Hoy amanecí en un óptimo estado de ánimo.
Uno de esos días en los que uno se despierta sintiéndose capaz de conquistar el mundo y sus alrededores; de enfrentarse a la peor de las adversidades y salir triunfante; de dejar de ser un mediocre y convertirse en un hombre nuevo, valiente y exitoso.
El de hoy será un gran día para emprender grandes tareas, intentar magnas proezas y salir victorioso, pensé. Y así hubiera sido si no me hubiera encontrado con él.
Supe, antes de verlo, que estaba ahí y, al levantar la cara, quedamos frente a frente mientras nuestras miradas se cruzaban; la mía altanera y desafiante; la de él penetrante, acusadora e insolentemente inquisitiva.
Sin pronunciar palabras, su mirada me dijo:
—Modera tu soberbia, estúpido, al terminar el día seguirás siendo el mismo pobre diablo que eres ahora.
Me sorprendió que hubiera adivinado mis pensamientos y reaccioné con agresividad..
— ¿Qué te pasa, imbécil? Sé quien soy y de lo que me siento capaz y tú no eres nadie para hablarme en esa forma.
— No soy nadie—repitió mis palabras, arrastrando la voz como si las evaluara, profundizando en ellas—Te recuerdo que no hay quien te conozca tan bien como yo, de eso puedes estar seguro.
—Si me conocieras—aduje con altanería— sabrías que mis capacidades, como las de cualquier ser humano, son infinitas ya que, como alguien dijo una vez, “el hombre es capaz de los peores vicios del mismo modo que de las más sublimes virtudes”
—Teorías sin fundamento—replicó él—el hombre no es capaz de hacer nada valeroso, ni siquiera en favor de sí mismo, a menos que tenga un estímulo palpable.
—No sé por qué te estoy escuchando—dije con evidente impaciencia— nada de lo que digas va a disminuir mi autoestima.
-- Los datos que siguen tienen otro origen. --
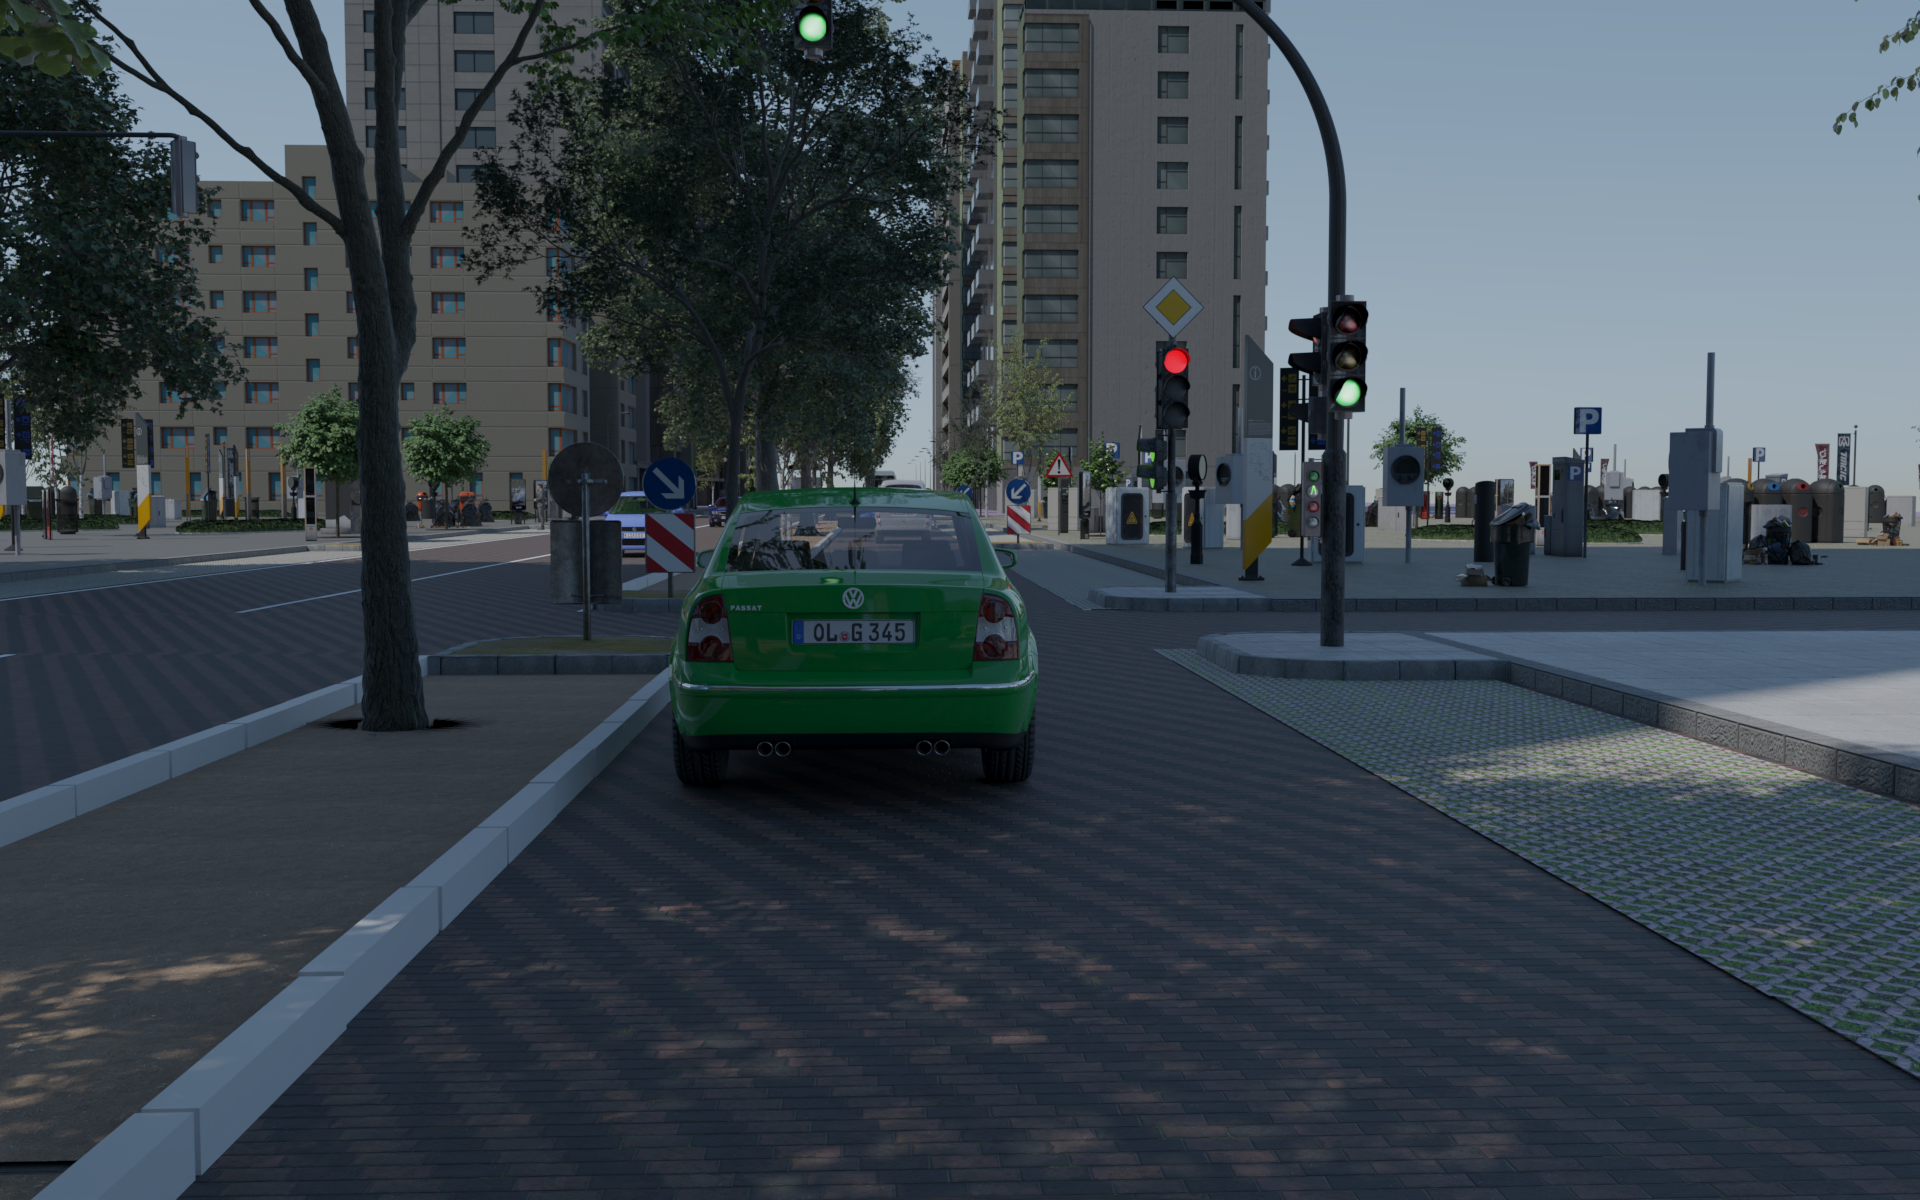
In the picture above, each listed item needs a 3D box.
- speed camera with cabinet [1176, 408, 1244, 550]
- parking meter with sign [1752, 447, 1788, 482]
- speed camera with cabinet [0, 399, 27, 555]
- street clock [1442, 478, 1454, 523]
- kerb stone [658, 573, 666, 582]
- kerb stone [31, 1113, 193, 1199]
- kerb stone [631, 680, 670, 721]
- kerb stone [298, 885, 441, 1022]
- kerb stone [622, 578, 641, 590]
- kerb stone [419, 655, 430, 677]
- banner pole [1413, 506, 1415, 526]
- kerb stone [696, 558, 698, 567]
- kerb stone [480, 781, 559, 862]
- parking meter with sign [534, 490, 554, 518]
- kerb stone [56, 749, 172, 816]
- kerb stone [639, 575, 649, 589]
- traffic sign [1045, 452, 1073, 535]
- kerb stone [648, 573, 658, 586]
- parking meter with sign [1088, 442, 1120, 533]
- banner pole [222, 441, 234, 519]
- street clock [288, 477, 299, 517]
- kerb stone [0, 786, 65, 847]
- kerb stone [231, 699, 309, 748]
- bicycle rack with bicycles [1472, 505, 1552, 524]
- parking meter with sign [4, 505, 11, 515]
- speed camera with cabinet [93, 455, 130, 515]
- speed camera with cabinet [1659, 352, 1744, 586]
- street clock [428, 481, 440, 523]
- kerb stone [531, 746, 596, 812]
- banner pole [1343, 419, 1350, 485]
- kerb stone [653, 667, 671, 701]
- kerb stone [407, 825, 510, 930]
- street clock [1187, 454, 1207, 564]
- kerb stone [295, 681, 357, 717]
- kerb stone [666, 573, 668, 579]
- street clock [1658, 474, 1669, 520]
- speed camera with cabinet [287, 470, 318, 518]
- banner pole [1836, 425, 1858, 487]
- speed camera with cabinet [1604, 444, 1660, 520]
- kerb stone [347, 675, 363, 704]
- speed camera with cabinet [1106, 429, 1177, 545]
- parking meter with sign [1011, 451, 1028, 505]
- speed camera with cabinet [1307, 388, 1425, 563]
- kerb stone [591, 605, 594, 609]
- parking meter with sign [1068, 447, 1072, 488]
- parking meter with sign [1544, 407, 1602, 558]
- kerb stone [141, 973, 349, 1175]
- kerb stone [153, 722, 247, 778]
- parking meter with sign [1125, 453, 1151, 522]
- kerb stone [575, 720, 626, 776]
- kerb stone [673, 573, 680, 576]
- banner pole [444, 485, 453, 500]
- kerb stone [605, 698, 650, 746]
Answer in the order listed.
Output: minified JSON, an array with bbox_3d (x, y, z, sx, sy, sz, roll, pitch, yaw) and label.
[{"bbox_3d":[5.950,-2.811,40.294,0.660,3.252,2.038,-2,4,-26],"label":"speed camera with cabinet"},{"bbox_3d":[30.065,-4.132,63.812,0.543,3.016,1.738,-1,4,-22],"label":"parking meter with sign"},{"bbox_3d":[-20.595,-2.565,36.271,2.038,3.252,0.660,1,4,16],"label":"speed camera with cabinet"},{"bbox_3d":[21.905,-4.476,77.745,0.358,2.002,0.471,-3,4,-37],"label":"street clock"},{"bbox_3d":[-4.939,-0.364,28.142,0.120,0.150,1.000,0,4,-3],"label":"kerb stone"},{"bbox_3d":[-1.633,1.173,3.113,0.120,0.150,1.000,0,4,-3],"label":"kerb stone"},{"bbox_3d":[-2.034,0.666,11.314,0.120,0.150,1.000,0,4,-3],"label":"kerb stone"},{"bbox_3d":[-1.740,1.042,5.154,0.120,0.150,1.000,0,4,-3],"label":"kerb stone"},{"bbox_3d":[-4.790,-0.176,25.080,0.120,0.150,1.000,0,4,-3],"label":"kerb stone"},{"bbox_3d":[-4.230,0.546,13.270,0.120,0.150,1.000,0,4,-3],"label":"kerb stone"},{"bbox_3d":[17.879,-4.824,68.883,0.401,3.779,0.863,-3,5,-39],"label":"banner pole"},{"bbox_3d":[-5.286,-0.798,35.315,0.120,0.150,1.000,0,4,-3],"label":"kerb stone"},{"bbox_3d":[-1.831,0.921,7.200,0.120,0.150,1.000,0,4,-3],"label":"kerb stone"},{"bbox_3d":[-21.950,-5.902,92.751,1.738,3.016,0.543,1,4,12],"label":"parking meter with sign"},{"bbox_3d":[-3.982,0.860,8.140,0.120,0.150,1.000,0,4,-3],"label":"kerb stone"},{"bbox_3d":[-4.845,-0.239,26.100,0.120,0.150,1.000,0,4,-3],"label":"kerb stone"},{"bbox_3d":[3.070,-3.285,53.719,0.884,2.594,0.081,0,4,0],"label":"traffic sign"},{"bbox_3d":[-4.886,-0.301,27.121,0.120,0.150,1.000,0,4,-3],"label":"kerb stone"},{"bbox_3d":[4.705,-3.754,57.632,0.543,3.016,1.738,2,4,29],"label":"parking meter with sign"},{"bbox_3d":[-34.748,-5.645,82.320,0.401,3.779,0.863,2,4,28],"label":"banner pole"},{"bbox_3d":[-27.882,-4.153,72.473,0.471,2.002,0.358,3,4,39],"label":"street clock"},{"bbox_3d":[-3.930,0.922,7.119,0.120,0.150,1.000,0,4,-3],"label":"kerb stone"},{"bbox_3d":[-4.073,0.734,10.195,0.120,0.150,1.000,0,4,-3],"label":"kerb stone"},{"bbox_3d":[17.824,-2.558,55.205,2.925,0.926,2.852,1,4,18],"label":"bicycle rack with bicycles"},{"bbox_3d":[-51.585,-5.963,93.748,0.543,3.016,1.738,0,4,-1],"label":"parking meter with sign"},{"bbox_3d":[-43.570,-5.798,89.137,0.660,3.252,2.038,1,4,20],"label":"speed camera with cabinet"},{"bbox_3d":[10.744,-1.870,24.916,0.660,3.252,2.038,3,4,37],"label":"speed camera with cabinet"},{"bbox_3d":[-23.046,-4.365,75.936,0.471,2.002,0.358,0,4,5],"label":"street clock"},{"bbox_3d":[-1.883,0.855,8.222,0.120,0.150,1.000,0,4,-3],"label":"kerb stone"},{"bbox_3d":[10.353,-3.482,46.955,0.863,3.779,0.401,-2,4,-35],"label":"banner pole"},{"bbox_3d":[-2.084,0.604,12.343,0.120,0.150,1.000,0,4,-3],"label":"kerb stone"},{"bbox_3d":[-1.783,0.983,6.178,0.120,0.150,1.000,0,4,-3],"label":"kerb stone"},{"bbox_3d":[4.338,-1.658,31.684,0.358,2.002,0.471,2,4,26],"label":"street clock"},{"bbox_3d":[-4.136,0.674,11.219,0.120,0.150,1.000,0,4,-3],"label":"kerb stone"},{"bbox_3d":[-4.991,-0.423,29.174,0.120,0.150,1.000,0,4,-3],"label":"kerb stone"},{"bbox_3d":[25.043,-3.487,61.579,0.358,2.002,0.471,-1,4,-15],"label":"street clock"},{"bbox_3d":[-33.980,-5.817,89.449,0.660,3.252,2.038,1,4,9],"label":"speed camera with cabinet"},{"bbox_3d":[32.107,-4.442,62.645,0.863,3.779,0.401,0,4,5],"label":"banner pole"},{"bbox_3d":[26.603,-4.537,68.523,2.038,3.252,0.660,1,4,16],"label":"speed camera with cabinet"},{"bbox_3d":[-4.174,0.609,12.247,0.120,0.150,1.000,0,4,-3],"label":"kerb stone"},{"bbox_3d":[4.721,-3.036,43.968,2.038,3.252,0.660,-2,4,-25],"label":"speed camera with cabinet"},{"bbox_3d":[2.426,-4.479,69.487,0.543,3.016,1.738,0,4,-6],"label":"parking meter with sign"},{"bbox_3d":[7.528,-2.312,32.140,2.038,3.252,0.660,0,4,4],"label":"speed camera with cabinet"},{"bbox_3d":[-4.652,0.011,22.011,0.120,0.150,1.000,0,4,-3],"label":"kerb stone"},{"bbox_3d":[4.858,-4.106,63.390,1.738,3.016,0.543,1,4,9],"label":"parking meter with sign"},{"bbox_3d":[12.512,-2.405,35.578,0.543,3.016,1.738,0,4,-4],"label":"parking meter with sign"},{"bbox_3d":[-1.679,1.111,4.134,0.120,0.150,1.000,0,4,-3],"label":"kerb stone"},{"bbox_3d":[-4.027,0.797,9.161,0.120,0.150,1.000,0,4,-3],"label":"kerb stone"},{"bbox_3d":[6.720,-4.326,66.993,1.738,3.016,0.543,-3,4,-38],"label":"parking meter with sign"},{"bbox_3d":[-1.928,0.795,9.247,0.120,0.150,1.000,0,4,-3],"label":"kerb stone"},{"bbox_3d":[-5.038,-0.489,30.194,0.120,0.150,1.000,0,4,-3],"label":"kerb stone"},{"bbox_3d":[-24.092,-5.607,81.684,0.401,3.779,0.863,1,4,14],"label":"banner pole"},{"bbox_3d":[-1.979,0.731,10.277,0.120,0.150,1.000,0,4,-3],"label":"kerb stone"}]

No sé lo que pretendes, pero no lo vas a conseguir; me siento fuerte, entero, seguro de mí mismo.
—El que estés oyendo mis palabras—arguyó Él— es prueba clara de tu inseguridad, son tus propias palabras las que en mi voz escuchas. Si estuvieras tranquilo, seguro y sereno yo no tendría nada que decir, enmudecería y sólo quedaría tu voz potente firme y llena de certidumbre y de confianza.
—¡No sigas! —casi grité— ¡Voy a hacerte callar! —y en el colmo de la desesperación lancé mi puño con rabia hacia su rostro.
El sonido, al caer, de los fragmentos en que se convirtió el espejo y los dedos ensangrentados de mi mano me ubicaron en la realidad.